[Start of section]

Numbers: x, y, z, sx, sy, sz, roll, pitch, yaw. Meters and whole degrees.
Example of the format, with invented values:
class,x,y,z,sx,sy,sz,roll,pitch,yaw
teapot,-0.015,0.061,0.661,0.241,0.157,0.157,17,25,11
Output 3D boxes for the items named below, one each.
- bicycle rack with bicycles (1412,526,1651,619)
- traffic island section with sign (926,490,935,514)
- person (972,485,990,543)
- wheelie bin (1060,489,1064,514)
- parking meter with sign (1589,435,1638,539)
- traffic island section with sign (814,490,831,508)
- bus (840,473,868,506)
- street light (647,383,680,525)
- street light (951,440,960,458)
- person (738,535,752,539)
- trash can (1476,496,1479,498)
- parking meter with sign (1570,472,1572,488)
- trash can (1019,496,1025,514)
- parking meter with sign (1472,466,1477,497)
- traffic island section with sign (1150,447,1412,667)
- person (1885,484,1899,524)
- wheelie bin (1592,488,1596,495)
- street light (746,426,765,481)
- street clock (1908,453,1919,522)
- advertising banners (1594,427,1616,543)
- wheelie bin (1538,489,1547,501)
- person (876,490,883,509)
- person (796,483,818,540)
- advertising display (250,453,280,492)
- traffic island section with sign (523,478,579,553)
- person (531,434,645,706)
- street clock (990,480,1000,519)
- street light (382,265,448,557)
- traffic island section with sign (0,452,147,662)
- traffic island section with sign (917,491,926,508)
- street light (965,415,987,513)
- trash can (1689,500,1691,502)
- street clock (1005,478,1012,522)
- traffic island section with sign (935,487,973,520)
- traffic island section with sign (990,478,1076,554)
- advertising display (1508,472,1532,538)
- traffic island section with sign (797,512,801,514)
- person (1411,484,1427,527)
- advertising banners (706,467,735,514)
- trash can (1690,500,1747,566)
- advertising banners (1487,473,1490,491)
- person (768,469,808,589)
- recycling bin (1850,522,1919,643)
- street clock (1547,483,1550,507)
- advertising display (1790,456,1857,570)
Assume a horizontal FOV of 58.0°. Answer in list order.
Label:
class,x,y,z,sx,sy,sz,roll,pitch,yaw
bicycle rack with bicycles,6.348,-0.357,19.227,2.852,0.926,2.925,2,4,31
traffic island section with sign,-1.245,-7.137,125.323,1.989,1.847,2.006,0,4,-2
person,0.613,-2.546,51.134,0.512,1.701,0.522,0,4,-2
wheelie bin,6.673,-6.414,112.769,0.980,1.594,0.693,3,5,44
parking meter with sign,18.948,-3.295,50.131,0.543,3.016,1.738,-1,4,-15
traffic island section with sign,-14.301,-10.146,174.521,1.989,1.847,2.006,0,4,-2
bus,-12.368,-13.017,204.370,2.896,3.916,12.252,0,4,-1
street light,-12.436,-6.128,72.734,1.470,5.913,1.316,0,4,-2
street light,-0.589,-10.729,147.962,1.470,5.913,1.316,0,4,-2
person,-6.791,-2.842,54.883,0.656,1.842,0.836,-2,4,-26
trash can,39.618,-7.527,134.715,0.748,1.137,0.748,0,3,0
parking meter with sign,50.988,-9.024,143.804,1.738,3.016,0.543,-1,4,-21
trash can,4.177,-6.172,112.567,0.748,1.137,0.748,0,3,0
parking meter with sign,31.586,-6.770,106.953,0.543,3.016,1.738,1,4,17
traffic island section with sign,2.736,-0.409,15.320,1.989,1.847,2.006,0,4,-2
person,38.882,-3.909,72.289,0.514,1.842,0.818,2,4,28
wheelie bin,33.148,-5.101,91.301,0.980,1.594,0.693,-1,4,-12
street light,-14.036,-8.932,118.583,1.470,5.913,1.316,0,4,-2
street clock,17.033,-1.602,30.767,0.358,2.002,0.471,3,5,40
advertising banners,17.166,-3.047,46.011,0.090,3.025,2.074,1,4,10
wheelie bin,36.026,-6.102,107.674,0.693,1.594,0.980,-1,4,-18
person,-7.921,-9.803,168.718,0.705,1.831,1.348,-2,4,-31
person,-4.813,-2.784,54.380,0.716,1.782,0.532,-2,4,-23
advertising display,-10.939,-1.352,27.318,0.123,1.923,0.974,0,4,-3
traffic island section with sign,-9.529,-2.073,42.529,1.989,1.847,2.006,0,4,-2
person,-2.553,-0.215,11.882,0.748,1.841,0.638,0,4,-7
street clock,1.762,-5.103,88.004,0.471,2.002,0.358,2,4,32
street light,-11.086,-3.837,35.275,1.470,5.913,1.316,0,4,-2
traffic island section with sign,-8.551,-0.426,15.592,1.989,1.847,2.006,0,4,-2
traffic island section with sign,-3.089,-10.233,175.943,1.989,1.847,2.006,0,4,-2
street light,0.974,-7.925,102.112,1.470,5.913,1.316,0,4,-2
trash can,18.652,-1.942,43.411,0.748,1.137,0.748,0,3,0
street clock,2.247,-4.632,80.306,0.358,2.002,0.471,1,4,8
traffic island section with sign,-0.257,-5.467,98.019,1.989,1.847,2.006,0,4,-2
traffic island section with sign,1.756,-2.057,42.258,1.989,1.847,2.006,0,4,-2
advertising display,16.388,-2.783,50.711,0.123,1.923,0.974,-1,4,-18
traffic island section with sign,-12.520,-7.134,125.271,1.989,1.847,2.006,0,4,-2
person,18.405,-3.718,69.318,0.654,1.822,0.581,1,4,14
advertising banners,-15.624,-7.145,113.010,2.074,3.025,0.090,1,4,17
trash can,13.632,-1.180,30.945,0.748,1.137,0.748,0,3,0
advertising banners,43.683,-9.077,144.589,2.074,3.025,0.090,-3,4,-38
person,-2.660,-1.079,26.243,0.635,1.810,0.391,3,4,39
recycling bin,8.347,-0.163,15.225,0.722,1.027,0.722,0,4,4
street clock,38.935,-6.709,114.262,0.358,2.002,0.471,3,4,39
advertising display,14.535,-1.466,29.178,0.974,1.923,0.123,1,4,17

[End of section]
[Start of section]

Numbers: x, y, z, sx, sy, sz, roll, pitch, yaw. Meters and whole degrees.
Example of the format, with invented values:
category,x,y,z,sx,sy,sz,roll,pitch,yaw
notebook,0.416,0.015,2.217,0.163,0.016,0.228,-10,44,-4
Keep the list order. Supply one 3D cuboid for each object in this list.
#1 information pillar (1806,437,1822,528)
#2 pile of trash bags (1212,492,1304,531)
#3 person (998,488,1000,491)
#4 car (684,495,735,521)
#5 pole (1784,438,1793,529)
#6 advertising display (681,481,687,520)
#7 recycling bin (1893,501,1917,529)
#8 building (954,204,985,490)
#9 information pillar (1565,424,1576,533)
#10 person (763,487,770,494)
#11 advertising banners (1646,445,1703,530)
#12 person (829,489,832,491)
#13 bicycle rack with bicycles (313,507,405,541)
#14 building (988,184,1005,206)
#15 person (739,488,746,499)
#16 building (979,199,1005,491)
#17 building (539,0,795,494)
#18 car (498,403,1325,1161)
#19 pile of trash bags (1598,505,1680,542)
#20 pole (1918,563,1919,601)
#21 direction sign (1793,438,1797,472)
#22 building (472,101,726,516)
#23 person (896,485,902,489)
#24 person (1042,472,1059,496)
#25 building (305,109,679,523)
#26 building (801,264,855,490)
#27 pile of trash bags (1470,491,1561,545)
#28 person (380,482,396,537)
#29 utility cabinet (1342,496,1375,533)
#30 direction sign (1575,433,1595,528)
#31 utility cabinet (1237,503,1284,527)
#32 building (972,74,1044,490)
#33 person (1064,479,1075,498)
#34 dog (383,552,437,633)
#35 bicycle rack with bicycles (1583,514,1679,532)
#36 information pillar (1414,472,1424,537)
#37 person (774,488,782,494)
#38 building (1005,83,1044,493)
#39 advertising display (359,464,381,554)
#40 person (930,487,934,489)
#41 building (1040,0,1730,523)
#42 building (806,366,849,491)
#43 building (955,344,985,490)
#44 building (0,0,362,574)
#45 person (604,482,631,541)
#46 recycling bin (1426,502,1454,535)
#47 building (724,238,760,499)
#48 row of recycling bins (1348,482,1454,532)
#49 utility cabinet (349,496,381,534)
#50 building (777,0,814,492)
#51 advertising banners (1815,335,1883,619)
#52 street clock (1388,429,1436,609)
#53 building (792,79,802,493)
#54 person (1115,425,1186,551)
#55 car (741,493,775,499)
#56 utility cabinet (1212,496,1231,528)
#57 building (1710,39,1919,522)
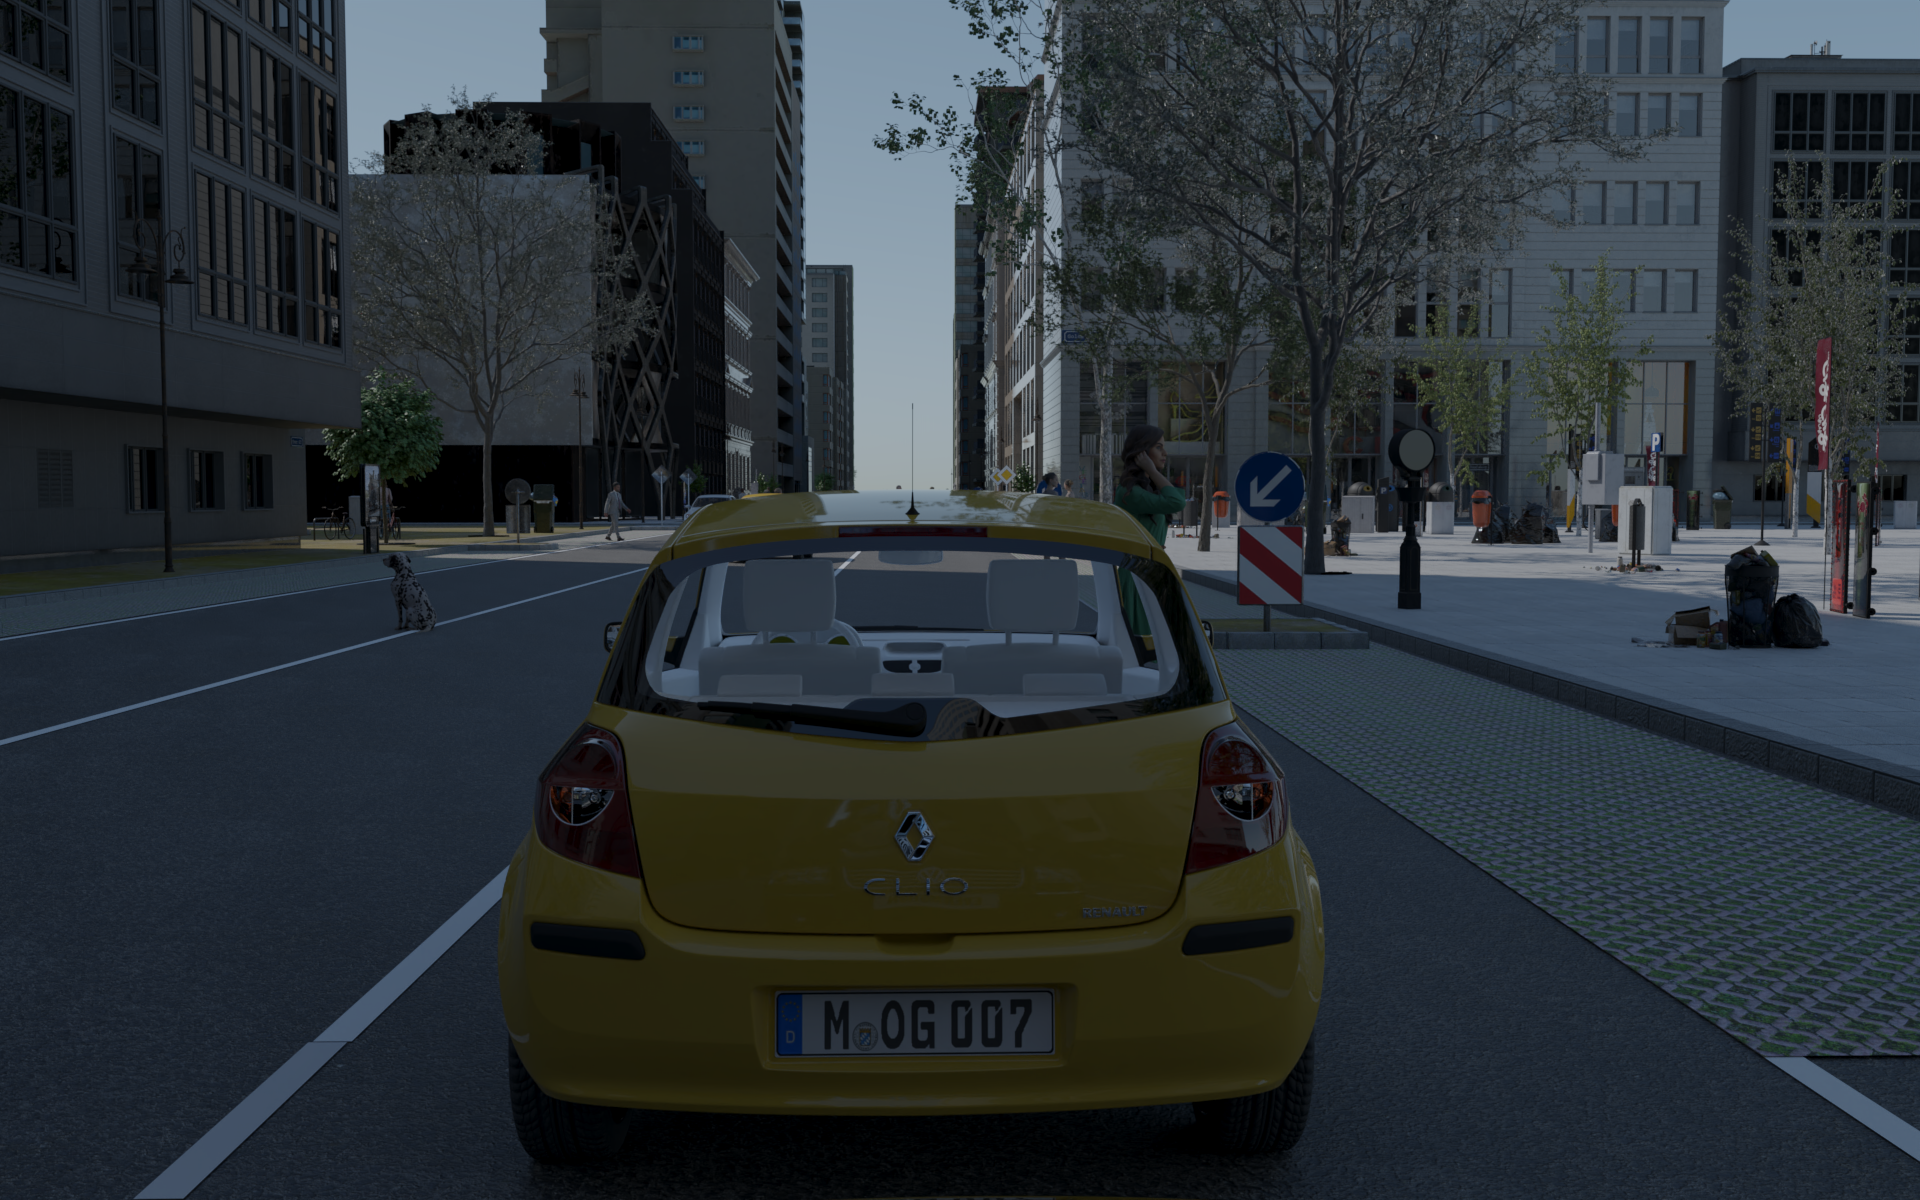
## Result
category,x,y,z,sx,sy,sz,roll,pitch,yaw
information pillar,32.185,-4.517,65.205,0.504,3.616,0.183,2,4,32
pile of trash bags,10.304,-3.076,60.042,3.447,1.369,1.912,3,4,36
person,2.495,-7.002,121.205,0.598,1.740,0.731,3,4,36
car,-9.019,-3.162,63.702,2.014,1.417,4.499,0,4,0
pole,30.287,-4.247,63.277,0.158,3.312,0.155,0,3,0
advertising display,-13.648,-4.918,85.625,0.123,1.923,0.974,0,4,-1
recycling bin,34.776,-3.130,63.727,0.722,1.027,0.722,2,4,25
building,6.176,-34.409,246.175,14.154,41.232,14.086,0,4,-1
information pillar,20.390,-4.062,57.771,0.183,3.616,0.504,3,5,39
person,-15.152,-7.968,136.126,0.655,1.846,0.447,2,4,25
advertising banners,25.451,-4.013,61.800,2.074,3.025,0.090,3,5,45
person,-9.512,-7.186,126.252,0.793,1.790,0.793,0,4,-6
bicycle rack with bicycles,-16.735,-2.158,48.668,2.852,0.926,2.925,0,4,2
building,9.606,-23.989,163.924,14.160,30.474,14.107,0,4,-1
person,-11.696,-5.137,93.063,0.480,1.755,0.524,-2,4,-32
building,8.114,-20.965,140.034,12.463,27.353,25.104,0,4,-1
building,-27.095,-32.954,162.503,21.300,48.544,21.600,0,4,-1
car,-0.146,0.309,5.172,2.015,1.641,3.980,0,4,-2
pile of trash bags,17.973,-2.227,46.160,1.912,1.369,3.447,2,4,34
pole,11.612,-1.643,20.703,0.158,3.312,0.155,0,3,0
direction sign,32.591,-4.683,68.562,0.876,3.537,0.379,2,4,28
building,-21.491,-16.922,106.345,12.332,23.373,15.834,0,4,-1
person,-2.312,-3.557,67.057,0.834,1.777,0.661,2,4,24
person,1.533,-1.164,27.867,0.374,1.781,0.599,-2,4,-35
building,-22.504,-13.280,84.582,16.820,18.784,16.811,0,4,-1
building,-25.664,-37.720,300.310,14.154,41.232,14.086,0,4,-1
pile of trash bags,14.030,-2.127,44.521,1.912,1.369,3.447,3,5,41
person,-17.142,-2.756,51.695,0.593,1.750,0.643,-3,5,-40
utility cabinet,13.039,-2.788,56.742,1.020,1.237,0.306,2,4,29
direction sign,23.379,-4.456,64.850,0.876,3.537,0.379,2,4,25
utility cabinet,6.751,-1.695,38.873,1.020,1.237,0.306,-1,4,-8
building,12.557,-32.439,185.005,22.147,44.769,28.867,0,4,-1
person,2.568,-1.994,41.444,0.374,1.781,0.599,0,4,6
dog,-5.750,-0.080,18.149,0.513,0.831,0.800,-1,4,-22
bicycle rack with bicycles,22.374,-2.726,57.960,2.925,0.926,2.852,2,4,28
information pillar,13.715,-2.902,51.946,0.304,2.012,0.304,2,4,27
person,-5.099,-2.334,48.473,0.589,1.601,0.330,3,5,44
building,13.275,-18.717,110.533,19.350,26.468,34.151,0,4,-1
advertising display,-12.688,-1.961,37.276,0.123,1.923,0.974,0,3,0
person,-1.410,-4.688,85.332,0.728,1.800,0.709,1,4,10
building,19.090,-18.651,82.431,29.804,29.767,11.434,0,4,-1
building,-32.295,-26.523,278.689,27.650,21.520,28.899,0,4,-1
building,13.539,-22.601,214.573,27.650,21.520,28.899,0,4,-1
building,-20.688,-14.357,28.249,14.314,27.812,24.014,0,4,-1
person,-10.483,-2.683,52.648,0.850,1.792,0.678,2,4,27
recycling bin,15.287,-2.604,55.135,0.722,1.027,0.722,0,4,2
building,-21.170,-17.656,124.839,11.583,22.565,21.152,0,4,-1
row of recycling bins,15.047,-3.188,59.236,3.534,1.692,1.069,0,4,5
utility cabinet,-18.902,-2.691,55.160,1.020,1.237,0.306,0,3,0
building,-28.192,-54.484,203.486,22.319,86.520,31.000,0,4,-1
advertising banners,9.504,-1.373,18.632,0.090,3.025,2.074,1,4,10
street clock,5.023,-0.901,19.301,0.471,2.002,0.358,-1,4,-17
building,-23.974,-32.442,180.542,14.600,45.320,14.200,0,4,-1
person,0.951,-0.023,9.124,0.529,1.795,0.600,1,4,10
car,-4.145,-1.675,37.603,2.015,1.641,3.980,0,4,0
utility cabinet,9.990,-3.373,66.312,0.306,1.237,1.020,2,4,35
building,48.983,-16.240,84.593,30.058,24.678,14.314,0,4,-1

[End of section]

**Directions**
From the listing above, collect every line that mentions the word "order".

**Solved exercise**
Assume a horizontal FOV of 58.0°. Answer in list order.
Keep the list order. Supply one 3D cuboid for each object in this list.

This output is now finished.